In a chapter on the Internet of Things, Greenfield borrows Bradley Dilger’s phrase ‘the ideology of ease’ to describe what underpins the lure of increased connectivity. ‘The tendency towards laziness, is near universal throughout the internet of things world’ (p42).  A case in point is the Amazon Dash Button, a Wi-Fi connected device that reorders your favourite product when it is running out.   With its plug and play hyper-connected functions, the Dash button makes a whole series of technical decisions for us, something that appeals not only to our laziness but to our lack of knowledge (and frequent dislike of) technical processes.

As someone who works in education, I often hear that the main barriers to the use of educational technology is that it is not ‘intuitive’. The desire is for a seamless user experience with no ‘pain points’ for lecturers in setting up activities on the VLE.  Greenfield asks what is being effaced in this drive for ease or intuitiveness?  What decisions might we be best retaining authorship over, pain points and all?

Vulnerability is one price we pay. Greenfield reports being able to effortlessly ‘spy’ on two women working in a stockroom in Davao City and, chillingly, sleeping babies, only some amongst countless unwitting subjects live streamed onto the web through cheap, unsecured plug ‘n play webcams.  It is not that we are consciously prepared to sacrifice privacy for peace of mind but that, ‘for our own convenience’, these devices set themselves up and, in the process, enable us to bypass all the settings that give us some control over the information we share with others.

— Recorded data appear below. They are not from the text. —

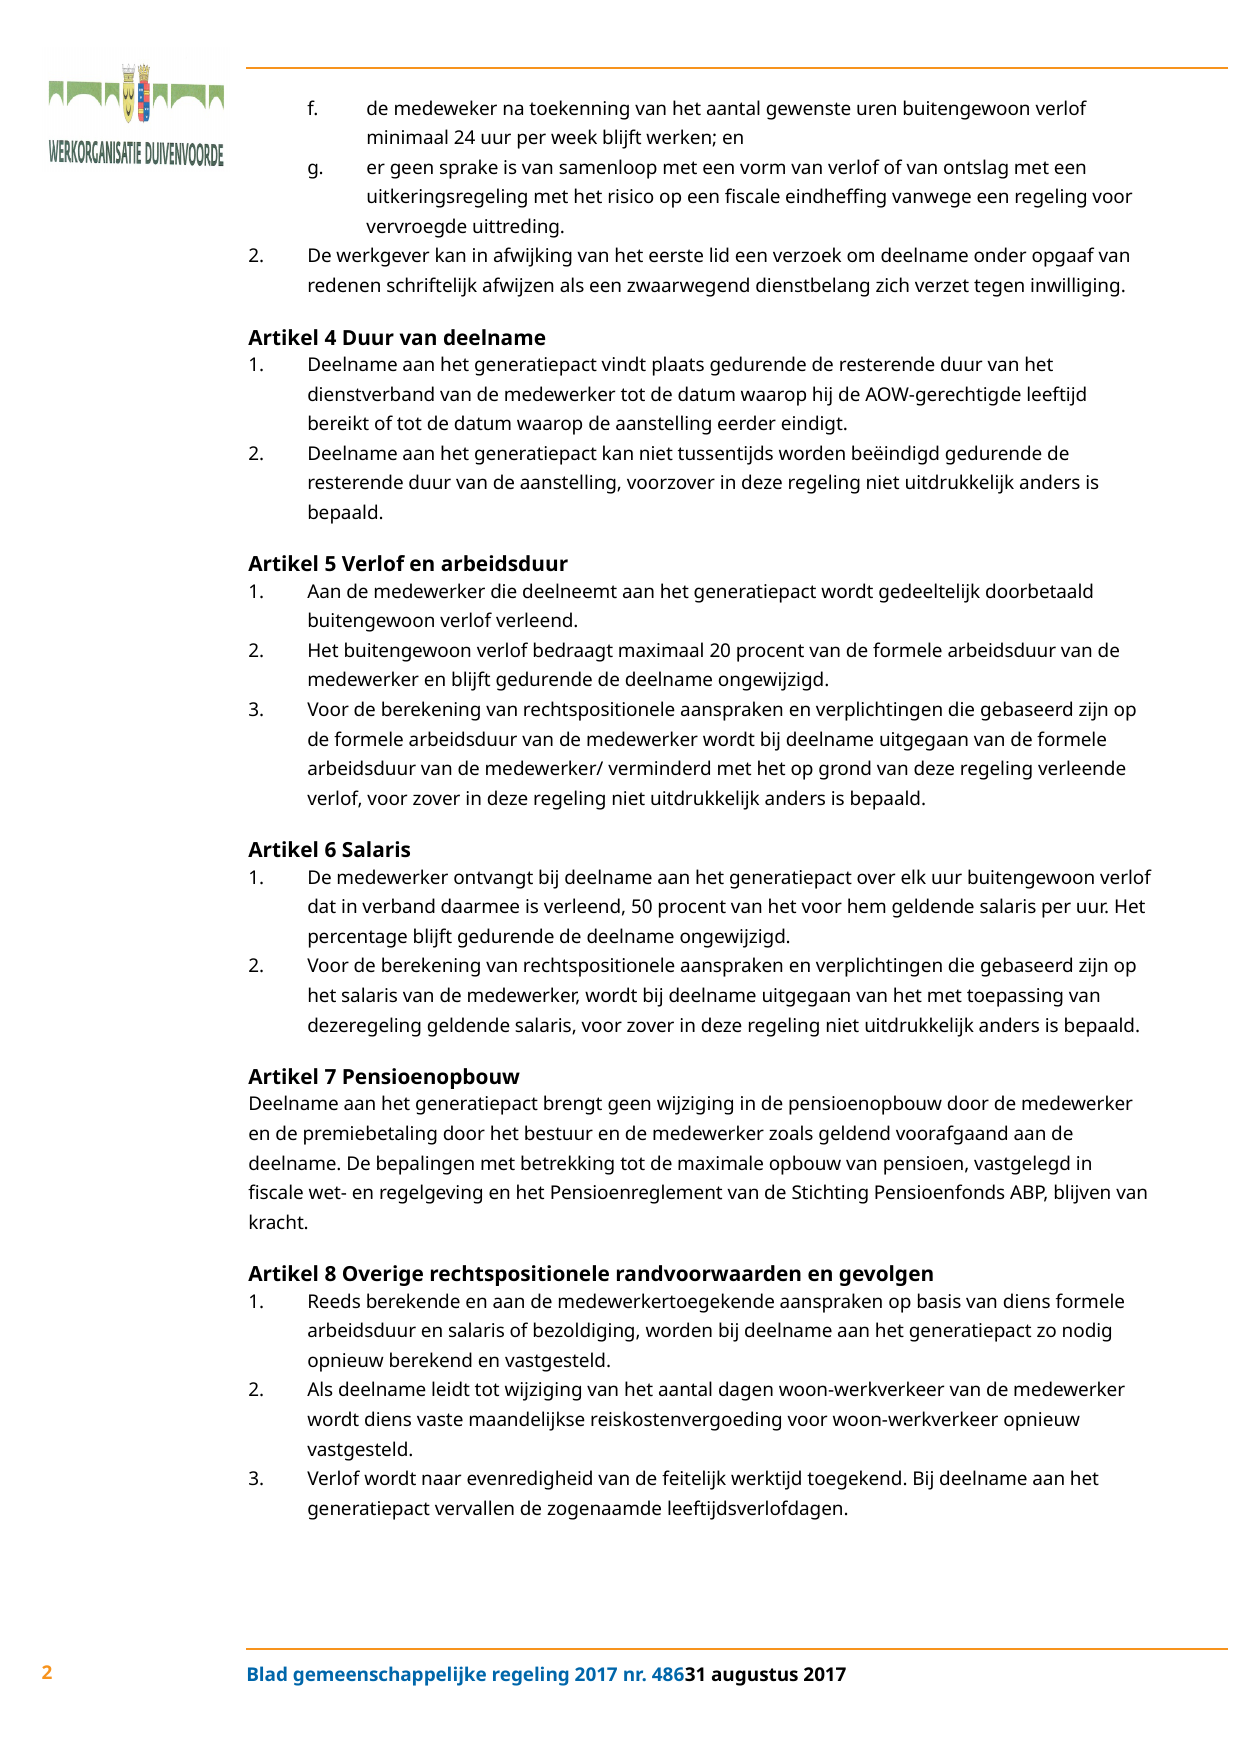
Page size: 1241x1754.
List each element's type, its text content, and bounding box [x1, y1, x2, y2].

list de medeweker na toekenning van het aantal gewenste uren buitengewoon verlof minimaal 24 uur per week blijft werken; en [307, 95, 1152, 150]
list Voor de berekening van rechtspositionele aanspraken en verplichtingen die gebaseerd zijn op het salaris van de medewerker, wordt bij deelname uitgegaan van het met toepassing van dezeregeling geldende salaris, voor zover in deze regeling niet uitdrukkelijk anders is bepaald. [248, 953, 1152, 1037]
text Artikel 5 Verlof en arbeidsduur [248, 549, 1152, 578]
text Artikel 7 Pensioenopbouw [248, 1062, 1152, 1091]
picture [41, 47, 231, 172]
list Aan de medewerker die deelneemt aan het generatiepact wordt gedeeltelijk doorbetaald buitengewoon verlof verleend. [248, 578, 1152, 633]
list Verlof wordt naar evenredigheid van de feitelijk werktijd toegekend. Bij deelname aan het generatiepact vervallen de zogenaamde leeftijdsverlofdagen. [248, 1465, 1152, 1521]
text Artikel 4 Duur van deelname [248, 323, 1152, 351]
list Als deelname leidt tot wijziging van het aantal dagen woon-werkverkeer van de medewerker wordt diens vaste maandelijkse reiskostenvergoeding voor woon-werkverkeer opnieuw vastgesteld. [248, 1377, 1152, 1461]
list Het buitengewoon verlof bedraagt maximaal 20 procent van de formele arbeidsduur van de medewerker en blijft gedurende de deelname ongewijzigd. [248, 637, 1152, 692]
list er geen sprake is van samenloop met een vorm van verlof of van ontslag met een uitkeringsregeling met het risico op een fiscale eindheffing vanwege een regeling voor vervroegde uittreding. [307, 154, 1152, 239]
text Deelname aan het generatiepact brengt geen wijziging in de pensioenopbouw door de medewerker en de premiebetaling door het bestuur en de medewerker zoals geldend voorafgaand aan de deelname. De bepalingen met betrekking tot de maximale opbouw van pensioen, vastgelegd in fiscale wet- en regelgeving en het Pensioenreglement van de Stichting Pensioenfonds ABP, blijven van kracht. [248, 1091, 1152, 1235]
text Artikel 8 Overige rechtspositionele randvoorwaarden en gevolgen [248, 1259, 1152, 1288]
list Deelname aan het generatiepact kan niet tussentijds worden beëindigd gedurende de resterende duur van de aanstelling, voorzover in deze regeling niet uitdrukkelijk anders is bepaald. [248, 440, 1152, 525]
list De werkgever kan in afwijking van het eerste lid een verzoek om deelname onder opgaaf van redenen schriftelijk afwijzen als een zwaarwegend dienstbelang zich verzet tegen inwilliging. [248, 243, 1152, 298]
list De medewerker ontvangt bij deelname aan het generatiepact over elk uur buitengewoon verlof dat in verband daarmee is verleend, 50 procent van het voor hem geldende salaris per uur. Het percentage blijft gedurende de deelname ongewijzigd. [248, 864, 1152, 949]
list Deelname aan het generatiepact vindt plaats gedurende de resterende duur van het dienstverband van de medewerker tot de datum waarop hij de AOW-gerechtigde leeftijd bereikt of tot de datum waarop de aanstelling eerder eindigt. [248, 351, 1152, 436]
list Voor de berekening van rechtspositionele aanspraken en verplichtingen die gebaseerd zijn op de formele arbeidsduur van de medewerker wordt bij deelname uitgegaan van de formele arbeidsduur van de medewerker/ verminderd met het op grond van deze regeling verleende verlof, voor zover in deze regeling niet uitdrukkelijk anders is bepaald. [248, 696, 1152, 811]
list Reeds berekende en aan de medewerkertoegekende aanspraken op basis van diens formele arbeidsduur en salaris of bezoldiging, worden bij deelname aan het generatiepact zo nodig opnieuw berekend en vastgesteld. [248, 1288, 1152, 1373]
text Artikel 6 Salaris [248, 835, 1152, 864]

Greenfield adds a much needed ethical dimension to discussions around technology. Central to the ideology of ease is that for the sake of convenience we forget our connection and responsibility to others. For many of us, our lives intractably bound up in our phones. Many people I know use them to tweet about misogyny, Trump, animal welfare or the evil of plastics.   I’m typing this on a Mac laptop.  Yet we know about the exploitative conditions that workers in Shenzhen City and Congo mines endure (including many children) to produce our smart devices.  We know and yet forget on a daily basis.

Finally, what we relinquish in our quest for ease is the fact of being human in all its messiness – the inconvenience of other bodies in shared physical spaces, miscommunications, illness, suffering and, ultimately, death. As Greenfield says, it is hard to argue against a technology that ‘glimmers with the promise of transcendence’ but any democratic aspirations that technology can end conditions of deficit for all –  material, physical, psychological – would pose ‘a grave challenge’ to the model of scarcity on which capitalism depends.   It is easier ‘to see the end of the world than the end of capitalism.’

Those in Silicon Valley want us to believe in algorithms as the only objective ‘intelligence’ capable of gleaning sense from the limitless data delivered through connected devices but this is based on a diminished view of human intelligence. It is the ‘view from nowhere’ that pervades AI research (Adam 2006), bereft of embodied subjectivity and assumed to ‘be motivated by rational pursuit of goals’.  By relinquishing accountability to algorithms, we make way for ‘AI experts’ and entrepreneurs to present themselves ‘the architects of society’ (Katz)

With care, thought and an informed perspective, we can plant the seeds of a more generous and wise future but only if we ask ‘What do we choose to do with our technologies’ instead of ‘What does our technology let us do.’ Greenfield reminds us that this all too human intelligence is still within our reach.

 

References:

Greenfield, Adam (2017) Radical Technologies: The design of everyday life. Verso, London.

Harari, Yuval Noah ( 2016) Homo Deus: A Brief History of Tomorrow. Harvill Secker, London

Katz, Yarden, Manufacturing an Artificial Intelligence Revolution (November 27, 2017). Available at SSRN: https://ssrn.com/abstract=3078224 or http://dx.doi.org/10.2139/ssrn.3078224

 Squires, J (2000) Fabulous feminist futures and the lure of cyberculture in The cybercultures reader. Routledge, London.